Между тем наши войска в апреле вели наступательные бои, брали некоторые деревушки. Дежуря по отделу, я собирал обычную информацию. Плохо прослушивались по телефону непривычные названия. Однажды, разговаривая с корпусным переводчиком Гуревичем, я никак не мог понять название деревни. Наконец, нашел на карте нужный пункт, отметил и попросил: «Дальше». Гуревич очень четко произнес «Брихуешти». Я засмеялся. Гуревич сказал: «По вашему мелодичному смеху я чувствую, что вы сразу поняли это название. Вы до конца порочный человек». В Ботошанах прибывало население. Работа штаба от этого затруднялась. Поэтому однажды в апреле мы переехали в деревушку Корни.

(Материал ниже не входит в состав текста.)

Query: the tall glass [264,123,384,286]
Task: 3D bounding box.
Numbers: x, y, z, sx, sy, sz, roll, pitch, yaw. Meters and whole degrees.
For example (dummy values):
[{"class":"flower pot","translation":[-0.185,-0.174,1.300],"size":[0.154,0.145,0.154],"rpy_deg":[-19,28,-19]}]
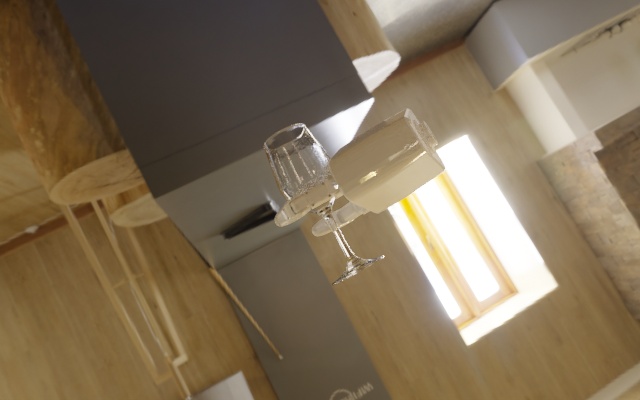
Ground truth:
[{"class":"tall glass","translation":[0.000,0.003,0.611],"size":[0.079,0.201,0.079],"rpy_deg":[-28,-8,-5]}]
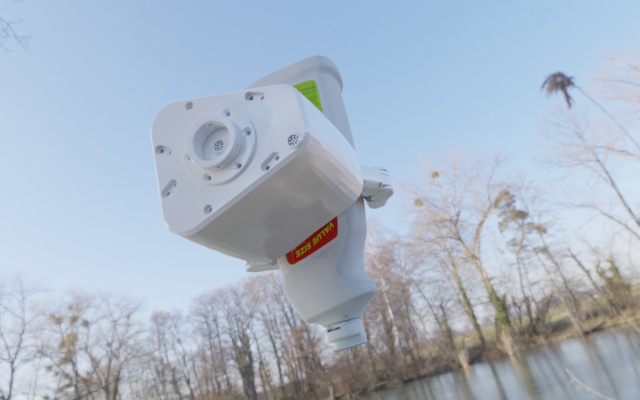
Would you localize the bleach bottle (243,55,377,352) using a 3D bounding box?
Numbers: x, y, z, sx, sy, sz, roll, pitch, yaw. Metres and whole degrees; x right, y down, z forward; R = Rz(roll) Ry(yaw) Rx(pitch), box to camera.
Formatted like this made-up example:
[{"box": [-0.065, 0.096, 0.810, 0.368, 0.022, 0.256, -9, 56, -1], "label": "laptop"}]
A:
[{"box": [0.000, 0.001, 0.423, 0.102, 0.250, 0.068, -20, -20, 13], "label": "bleach bottle"}]
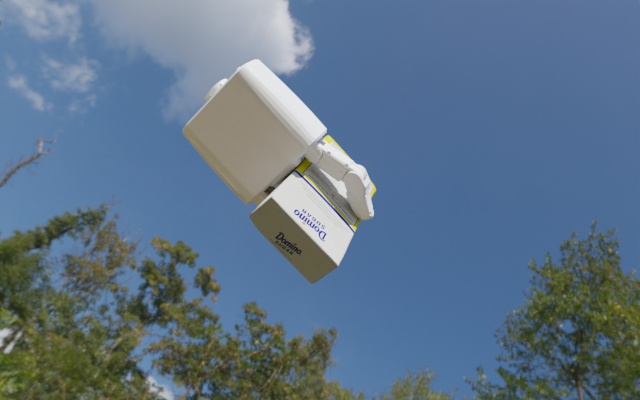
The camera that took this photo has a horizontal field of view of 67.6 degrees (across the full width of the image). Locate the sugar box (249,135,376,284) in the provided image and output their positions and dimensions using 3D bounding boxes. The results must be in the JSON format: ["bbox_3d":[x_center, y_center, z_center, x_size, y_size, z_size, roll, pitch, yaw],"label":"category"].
[{"bbox_3d":[0.000,0.002,0.518,0.048,0.093,0.176,-39,8,34],"label":"sugar box"}]
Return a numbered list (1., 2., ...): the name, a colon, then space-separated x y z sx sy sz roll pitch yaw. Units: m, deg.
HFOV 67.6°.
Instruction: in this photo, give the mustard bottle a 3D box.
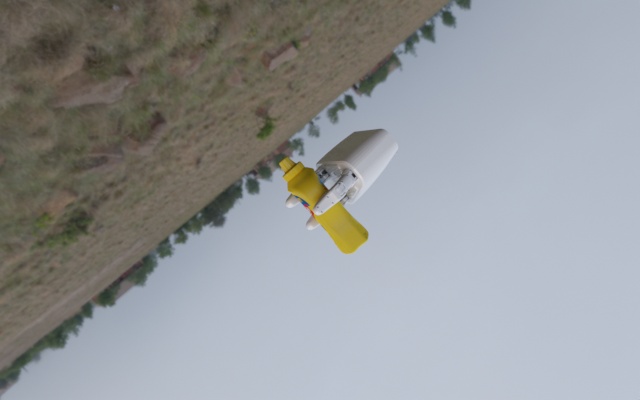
1. mustard bottle: 0.000 0.003 0.810 0.058 0.191 0.096 -41 8 0
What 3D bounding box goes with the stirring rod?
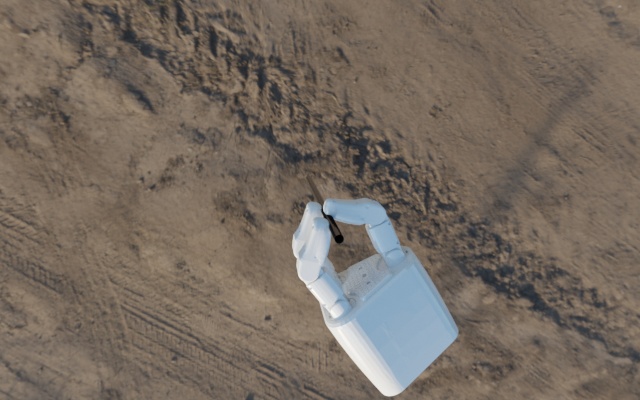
[{"bbox_3d":[0.000,0.002,0.516,0.011,0.011,0.239,0,15,-8],"label":"stirring rod"}]
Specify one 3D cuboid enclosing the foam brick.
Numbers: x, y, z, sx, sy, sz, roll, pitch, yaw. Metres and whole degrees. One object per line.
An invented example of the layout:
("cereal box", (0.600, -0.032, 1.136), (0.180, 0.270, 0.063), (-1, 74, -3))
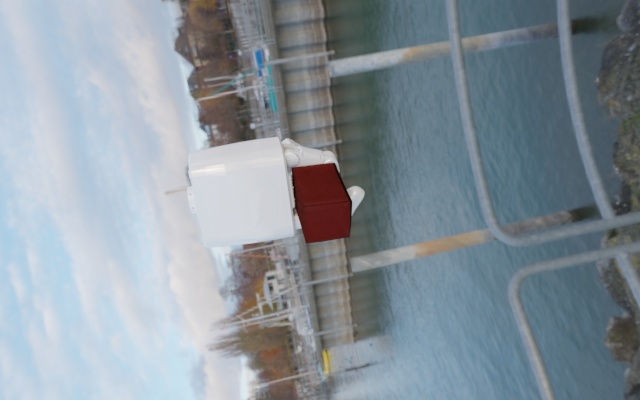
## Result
("foam brick", (0.000, 0.002, 0.531), (0.051, 0.053, 0.078), (-8, 37, -10))

Капитан Даниленко и Женя отправились на ВПУ Армии. К этому времени Женя получила военное обмундирование и облачилась в него. Я прочитал, кажется, в воспоминаниях генерала Хрулева, что война выдвинула перед службой тыла проблемы, прямо не относившиеся к боевым действиям: ну, например, пеленки. Я расширю этот ассортимент, перечислив полученное Женей обмундирование. Оно зафиксировано в ее красноармейской книжке. Шинель – 1, гимнастерка х/б – 1, юбка х/б – 1, бюстгальтер – 2, чулки – 2, сорочка нательная – 2, полотенце – 2, платок носовой (прочерк), портянки летние – 1, сапоги – 1, трико – 1 (не жирно), петлицы – 1, погоны – 2, берет – 1, чулкодержатель – 1. Прочерки сделаны против следующих наименований: кальсоны, снаряжение бойца кавалериста и т. д.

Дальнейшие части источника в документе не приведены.